Category Archives: bookshelf

Books I Read in January


january book1
Originally uploaded
by songbirdmama

Wow, I don’t think I have ever read this much hard fiction since high school but it’s a good break outside of the poetry box with the dual high points of Junot Díaz’s eclectic lingua franca of the New Hersee/Dominicano experience and Djuna Barnes’ solid everywoman prose essay style of 1911-1930 New York City.

For the near future, I need to add some grammar/essay writing books into my diet so I can get some more basics down and then start writing/submitting a couple of poetry reviews. Though I’m not sure that what I want to do is an actual poetry book review style review, I would love to find that in-between road of reviewing that would get a person who liked reading Oscar Wao to get to reading some Smoking Lovely. Ya know? Cuz some of the poetry reviews I’m reading seem more interested in talking to people who already have the book in hand as opposed to getting the poetry into new hands. But that’s a rant for another day.

“The real Bronx has nothing to do with facts, as the real Greenwich Village has nothing to do with facts, as no real good woman has anything to do with facts.”
Djuna Barnes from New York: Prose Essays

Working in the Dark: Reflections of a Poet of the Barrio by Jimmy Santiago Baca
City Eclogue by Ed Roberson
Selected Poems by Gwendolyn Brooks
DC: The New Frontier, Vol. 2 by Darwyn Cooke
The Brief Wondrous Life of Oscar Wao by Junot Díaz
Swamp Thing Vol. 2: Love and Death by Alan Moore, Stephen Bissette, John Totleben, and Shawn McManus
May Day Speech by Jean Genet
Slapboxing with Jesus by Victor D. LaValle
Facts for Visitors: Poems by Srikanth Reddy
Dark City by Charles Bernstein
The True Story of the Three Little Pigs by Jon Scieszka and Lane Smith
New York: Prose Essays by Djuna Barnes

N*E*R*D


I
Originally uploaded by lensfodder

My current media list reveals that at my core lives one proud card carrying N*E*R*D. Check it:

• Currently Reading: The Brief Wondrous Life of Oscar Wao
I’m dead in the middle of a novel that uses all the sci-fi, ghetto, Nueva Yo and literary vernacular I rep day-to-day. This book’s language is so me that even co-workers have commented to me, “Every time I read the diction in this book, I keep hearing your voice.” You best believe I got some thoughts to share when I finish this bad boy.

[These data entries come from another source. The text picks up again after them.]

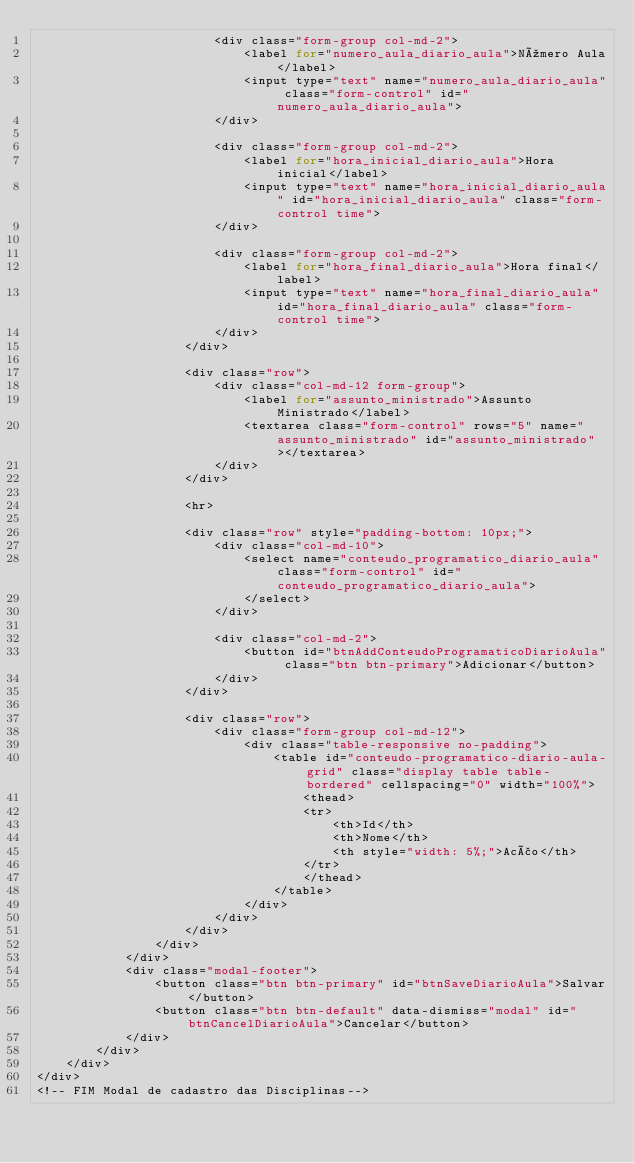<code> <loc_0><loc_0><loc_500><loc_500><_PHP_>                        <div class="form-group col-md-2">
                            <label for="numero_aula_diario_aula">Número Aula</label>
                            <input type="text" name="numero_aula_diario_aula" class="form-control" id="numero_aula_diario_aula">
                        </div>

                        <div class="form-group col-md-2">
                            <label for="hora_inicial_diario_aula">Hora inicial</label>
                            <input type="text" name="hora_inicial_diario_aula" id="hora_inicial_diario_aula" class="form-control time">
                        </div>

                        <div class="form-group col-md-2">
                            <label for="hora_final_diario_aula">Hora final</label>
                            <input type="text" name="hora_final_diario_aula" id="hora_final_diario_aula" class="form-control time">
                        </div>
                    </div>

                    <div class="row">
                        <div class="col-md-12 form-group">
                            <label for="assunto_ministrado">Assunto Ministrado</label>
                            <textarea class="form-control" rows="5" name="assunto_ministrado" id="assunto_ministrado"></textarea>
                        </div>
                    </div>

                    <hr>

                    <div class="row" style="padding-bottom: 10px;">
                        <div class="col-md-10">
                            <select name="conteudo_programatico_diario_aula" class="form-control" id="conteudo_programatico_diario_aula">
                            </select>
                        </div>

                        <div class="col-md-2">
                            <button id="btnAddConteudoProgramaticoDiarioAula" class="btn btn-primary">Adicionar</button>
                        </div>
                    </div>

                    <div class="row">
                        <div class="form-group col-md-12">
                            <div class="table-responsive no-padding">
                                <table id="conteudo-programatico-diario-aula-grid" class="display table table-bordered" cellspacing="0" width="100%">
                                    <thead>
                                    <tr>
                                        <th>Id</th>
                                        <th>Nome</th>
                                        <th style="width: 5%;">Acão</th>
                                    </tr>
                                    </thead>
                                </table>
                            </div>
                        </div>
                    </div>
                </div>
            </div>
            <div class="modal-footer">
                <button class="btn btn-primary" id="btnSaveDiarioAula">Salvar</button>
                <button class="btn btn-default" data-dismiss="modal" id="btnCancelDiarioAula">Cancelar</button>
            </div>
        </div>
    </div>
</div>
<!-- FIM Modal de cadastro das Disciplinas--></code> 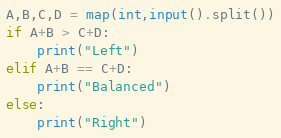<code> <loc_0><loc_0><loc_500><loc_500><_Python_>A,B,C,D = map(int,input().split())
if A+B > C+D:
    print("Left")
elif A+B == C+D:
    print("Balanced")
else:
    print("Right")</code> 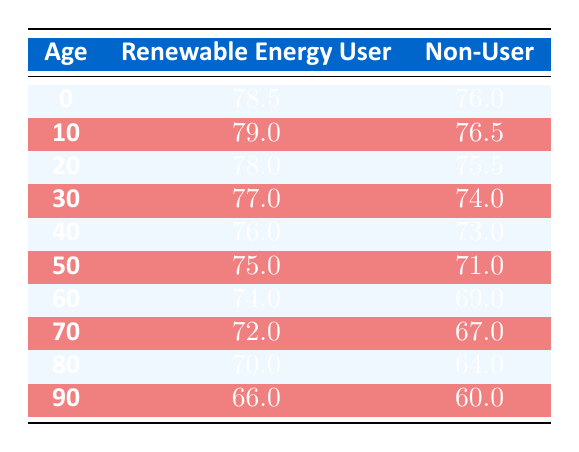What is the life expectancy for renewable energy users at age 0? According to the table, the life expectancy for renewable energy users at age 0 is 78.5.
Answer: 78.5 What is the difference in life expectancy between renewable energy users and non-users at age 40? At age 40, renewable energy users have a life expectancy of 76.0, while non-users have 73.0. The difference is 76.0 - 73.0 = 3.0.
Answer: 3.0 Are renewable energy users expected to live longer than non-users at age 90? At age 90, renewable energy users live for 66.0 years, while non-users live for 60.0 years. Since 66.0 is greater than 60.0, the answer is yes.
Answer: Yes What is the average life expectancy of non-users across all age groups provided? To find the average for non-users, sum all their life expectancies: 76.0 + 76.5 + 75.5 + 74.0 + 73.0 + 71.0 + 69.0 + 67.0 + 64.0 + 60.0 =  746.0 and since there are 10 age groups, the average is 746.0 / 10 = 74.6.
Answer: 74.6 At what age do renewable energy users start having a life expectancy below 75 years? Looking at the data, renewable energy users fall below 75 years starting from age 50 where their expectancy is 75.0 and drops to 74.0 at age 60.
Answer: 50 What is the comparative life expectancy for renewable energy users at age 70 and non-users at age 60? The life expectancy for renewable energy users at age 70 is 72.0 years and for non-users at age 60 is 69.0 years. Therefore, renewable energy users at age 70 live 3 years longer than non-users at age 60.
Answer: 3 years longer Is the life expectancy for renewable energy users at age 20 higher than the life expectancy for non-users at age 10? Renewable energy users at age 20 have a life expectancy of 78.0, while non-users at age 10 have 76.5. Since 78.0 is greater than 76.5, the answer is yes.
Answer: Yes What is the life expectancy increase for renewable energy users from age 60 to age 10? The life expectancy for renewable energy users at age 10 is 79.0 and at age 60 is 74.0. The increase is calculated as 79.0 - 74.0 = 5.0 years.
Answer: 5.0 years 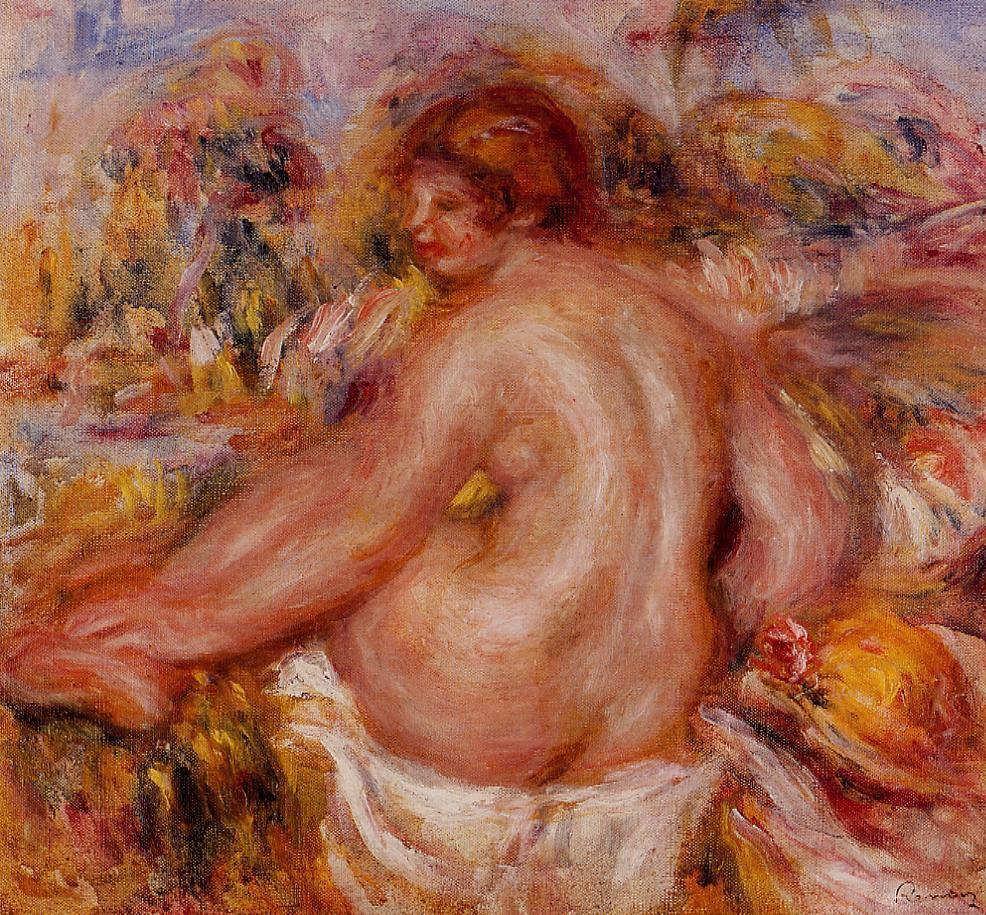Can you tell me more about the artist's techniques in this painting? Pierre-Auguste Renoir, a pivotal figure in the impressionist movement, employs several distinctive techniques in this painting to achieve its ethereal quality. Renoir's brushwork is loose and fluid, lending a sense of movement and spontaneity to the composition. His use of vibrant and warm color palettes, particularly his masterful orchestration of pinks, oranges, and yellows, imbues the scene with warmth and life.

Renoir's technique of layering thin washes of paint, known as 'glazing', creates a luminous effect that captures the subtle play of light on the woman's skin and the surrounding flowers. The soft, blurred background exemplifies the impressionist style’s focus on the ephemeral effects of light, rather than sharp, defined edges. This attention to light and color, along with his skillful blending of hues, allows Renoir to evoke a sense of depth and atmosphere, making the viewer feel as though they are witnessing a moment in time. His use of natural, flowing forms further enhances the organic and serene feel of the painting. What do you think this painting reveals about Renoir's perspective on beauty? Renoir's painting reveals his profound appreciation for natural beauty and the human form. The harmonious blending of the woman's body with the vibrant flora suggests a deep connection between humanity and nature. Renoir's choice to depict the nude figure with such grace and tranquility highlights his celebration of the pure and unadorned human body. His use of warm and inviting colors showcases his intention to evoke emotions of warmth, comfort, and serenity, indicating his belief in beauty as a source of joy and peace. Furthermore, the serene outdoor setting accentuated by soft, blurred edges symbolizes the transient and fleeting nature of beauty, making the viewer appreciate the ephemeral moments of life that Renoir so skillfully captures.

• Just Viewed: Battlestar Galactica: Season 4.0
We don’t have any network TV in the Loft and rely on the DVDs to catch up on what’s happening with the Cylons and Colonials. The end of Season 3.0 was a bit of a disappointment that had me fearing that the writers had run out of material and were just making it up as they go along (see X-Files post season 5). Even though it took a few episodes, Season 4.0 paid off like a Blackbird in Deep Space Recon and has me anxiously waiting for the next group of DVDs to drop so I can find out what will happen to our favorite rag-tag fugitive fleet. And since I didn’t drop any spoilers, please don’t leave any here.

• Just Read and Reviewed: DC: The New Frontier, Vol. 2
A great two part story that I would recommend to any casual fan of the DC Pantheon.

• About Time: Saga of the Swamp Thing
Just found out that my local library (and every good nerd has a library card) has quite the graphic novel section with some real gems including most of Alan Moore’s run on Swamp Thing.

Excelsior!

Goodreads Review: DC: The New Frontier, Vol. 2

DC: The New Frontier, Vol. 2

DC: The New Frontier, Vol. 2 by Darwyn Cooke
Rating: 4 of 5 stars

A great conclusion to Cooke’s “New Frontier” storyline. Cooke’s plot bounces between 50s nostalgia, 60s activism and the dawning of DC’s Silver Age to present a storyline that plays off all we knew and wish we knew about Cold War US Politics and harbors us into the new age of American Politics. Cooke effectively balances a large number of DC staple characters by focusing on the non-superpowered and the human alter-egoes of his characters to create a narrative that doesn’t default to the Big 3 (Superman, The Batman and Wonder Woman) whenever he needs a deus ex machina.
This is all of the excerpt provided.